## What is required
The first line of the entries below, the line containing "for name, color, linetype", and every line between them should be repeated exactly, and nothing else.

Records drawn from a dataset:

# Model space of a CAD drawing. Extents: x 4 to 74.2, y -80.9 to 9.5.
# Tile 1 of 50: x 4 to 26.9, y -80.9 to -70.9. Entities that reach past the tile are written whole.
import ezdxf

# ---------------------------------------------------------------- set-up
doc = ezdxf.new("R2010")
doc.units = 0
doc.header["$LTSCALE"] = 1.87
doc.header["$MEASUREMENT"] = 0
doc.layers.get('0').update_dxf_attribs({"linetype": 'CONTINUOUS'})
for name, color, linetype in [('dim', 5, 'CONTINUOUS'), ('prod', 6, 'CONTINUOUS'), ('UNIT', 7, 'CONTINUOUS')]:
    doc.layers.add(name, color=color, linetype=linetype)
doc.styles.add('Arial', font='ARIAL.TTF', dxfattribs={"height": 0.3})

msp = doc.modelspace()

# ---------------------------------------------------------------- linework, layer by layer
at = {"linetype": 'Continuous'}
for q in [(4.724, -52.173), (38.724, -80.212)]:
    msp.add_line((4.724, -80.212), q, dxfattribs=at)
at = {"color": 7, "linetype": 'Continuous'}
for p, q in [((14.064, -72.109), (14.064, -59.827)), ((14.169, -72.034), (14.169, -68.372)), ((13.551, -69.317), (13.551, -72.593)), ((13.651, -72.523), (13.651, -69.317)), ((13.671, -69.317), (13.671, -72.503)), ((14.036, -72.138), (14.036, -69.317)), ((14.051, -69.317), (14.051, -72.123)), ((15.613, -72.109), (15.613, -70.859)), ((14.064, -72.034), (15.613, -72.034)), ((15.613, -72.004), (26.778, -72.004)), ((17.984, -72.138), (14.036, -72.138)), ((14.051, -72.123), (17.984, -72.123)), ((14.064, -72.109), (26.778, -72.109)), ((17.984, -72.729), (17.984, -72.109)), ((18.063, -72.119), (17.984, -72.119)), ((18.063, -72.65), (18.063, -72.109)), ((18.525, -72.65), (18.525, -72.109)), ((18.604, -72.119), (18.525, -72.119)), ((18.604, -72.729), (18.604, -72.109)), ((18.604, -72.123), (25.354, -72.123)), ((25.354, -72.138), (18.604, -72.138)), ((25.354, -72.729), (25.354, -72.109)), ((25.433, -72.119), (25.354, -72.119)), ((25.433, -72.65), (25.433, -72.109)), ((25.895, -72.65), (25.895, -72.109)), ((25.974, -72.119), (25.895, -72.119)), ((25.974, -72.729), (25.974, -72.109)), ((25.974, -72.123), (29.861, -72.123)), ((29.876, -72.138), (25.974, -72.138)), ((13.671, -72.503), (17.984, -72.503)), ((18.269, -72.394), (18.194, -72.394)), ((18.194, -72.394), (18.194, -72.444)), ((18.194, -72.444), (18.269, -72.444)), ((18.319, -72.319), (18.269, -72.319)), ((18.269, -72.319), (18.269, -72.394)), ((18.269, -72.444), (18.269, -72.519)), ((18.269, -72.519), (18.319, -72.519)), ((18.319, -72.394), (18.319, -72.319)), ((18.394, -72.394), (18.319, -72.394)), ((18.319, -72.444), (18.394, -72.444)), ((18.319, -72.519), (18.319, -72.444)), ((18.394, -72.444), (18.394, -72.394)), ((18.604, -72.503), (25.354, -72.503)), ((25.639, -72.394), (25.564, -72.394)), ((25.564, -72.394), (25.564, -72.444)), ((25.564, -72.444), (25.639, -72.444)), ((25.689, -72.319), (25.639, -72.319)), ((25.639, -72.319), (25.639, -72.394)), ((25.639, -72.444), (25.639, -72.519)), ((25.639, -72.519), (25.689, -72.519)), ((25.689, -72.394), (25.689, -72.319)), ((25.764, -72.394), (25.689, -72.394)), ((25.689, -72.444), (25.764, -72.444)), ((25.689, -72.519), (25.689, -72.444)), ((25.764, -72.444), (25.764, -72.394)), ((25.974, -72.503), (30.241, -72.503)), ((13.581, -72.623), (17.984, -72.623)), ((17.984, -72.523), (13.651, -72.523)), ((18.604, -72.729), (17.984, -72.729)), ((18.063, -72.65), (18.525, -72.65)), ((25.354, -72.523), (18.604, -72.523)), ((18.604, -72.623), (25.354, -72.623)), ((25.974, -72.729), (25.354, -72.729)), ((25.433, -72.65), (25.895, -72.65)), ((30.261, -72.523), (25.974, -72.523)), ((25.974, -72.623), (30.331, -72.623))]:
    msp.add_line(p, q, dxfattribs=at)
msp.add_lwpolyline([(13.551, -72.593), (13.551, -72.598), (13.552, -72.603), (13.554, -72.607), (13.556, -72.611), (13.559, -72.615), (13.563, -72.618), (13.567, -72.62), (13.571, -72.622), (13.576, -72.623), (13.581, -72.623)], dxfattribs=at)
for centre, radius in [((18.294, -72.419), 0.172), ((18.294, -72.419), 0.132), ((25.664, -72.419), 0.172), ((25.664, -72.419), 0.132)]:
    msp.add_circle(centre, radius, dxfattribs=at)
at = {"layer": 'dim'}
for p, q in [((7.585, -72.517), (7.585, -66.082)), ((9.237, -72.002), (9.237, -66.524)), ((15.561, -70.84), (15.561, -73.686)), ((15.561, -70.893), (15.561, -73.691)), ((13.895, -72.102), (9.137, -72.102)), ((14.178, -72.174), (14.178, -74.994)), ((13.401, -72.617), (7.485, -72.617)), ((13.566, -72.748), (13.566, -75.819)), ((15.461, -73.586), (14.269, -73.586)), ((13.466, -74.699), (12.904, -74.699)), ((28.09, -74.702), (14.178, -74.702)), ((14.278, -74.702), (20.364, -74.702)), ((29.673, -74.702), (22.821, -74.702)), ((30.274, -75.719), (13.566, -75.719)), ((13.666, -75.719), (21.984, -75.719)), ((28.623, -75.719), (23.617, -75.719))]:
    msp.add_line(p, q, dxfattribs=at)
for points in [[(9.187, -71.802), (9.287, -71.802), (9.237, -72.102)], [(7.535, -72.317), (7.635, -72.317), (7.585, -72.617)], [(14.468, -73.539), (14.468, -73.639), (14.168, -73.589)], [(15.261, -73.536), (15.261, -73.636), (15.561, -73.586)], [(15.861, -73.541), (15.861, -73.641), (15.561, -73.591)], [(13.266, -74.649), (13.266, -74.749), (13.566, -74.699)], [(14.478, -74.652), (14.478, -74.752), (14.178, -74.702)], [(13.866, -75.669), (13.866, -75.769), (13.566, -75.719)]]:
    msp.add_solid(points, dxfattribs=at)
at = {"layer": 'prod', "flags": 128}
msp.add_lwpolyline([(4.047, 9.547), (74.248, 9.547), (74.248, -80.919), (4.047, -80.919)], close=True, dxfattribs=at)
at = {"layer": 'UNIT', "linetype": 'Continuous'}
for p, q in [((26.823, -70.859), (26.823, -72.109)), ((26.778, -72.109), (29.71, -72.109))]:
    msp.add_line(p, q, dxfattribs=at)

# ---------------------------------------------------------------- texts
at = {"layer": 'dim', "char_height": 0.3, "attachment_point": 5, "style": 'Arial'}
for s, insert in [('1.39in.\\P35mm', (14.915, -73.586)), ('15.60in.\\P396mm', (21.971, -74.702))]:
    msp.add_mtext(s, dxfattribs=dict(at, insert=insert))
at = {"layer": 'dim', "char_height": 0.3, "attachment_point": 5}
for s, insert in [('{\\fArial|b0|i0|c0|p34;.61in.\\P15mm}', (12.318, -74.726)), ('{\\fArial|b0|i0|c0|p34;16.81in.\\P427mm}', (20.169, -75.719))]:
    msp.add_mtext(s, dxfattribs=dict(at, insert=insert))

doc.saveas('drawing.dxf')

## Result for this task
# Model space of a CAD drawing. Extents: x 4 to 74.2, y -80.9 to 9.5.
# Tile 1 of 50: x 4 to 26.9, y -80.9 to -70.9. Entities that reach past the tile are written whole.
import ezdxf

# ---------------------------------------------------------------- set-up
doc = ezdxf.new("R2010")
doc.units = 0
doc.header["$LTSCALE"] = 1.87
doc.header["$MEASUREMENT"] = 0
doc.layers.get('0').update_dxf_attribs({"linetype": 'CONTINUOUS'})
for name, color, linetype in [('dim', 5, 'CONTINUOUS'), ('prod', 6, 'CONTINUOUS'), ('UNIT', 7, 'CONTINUOUS')]:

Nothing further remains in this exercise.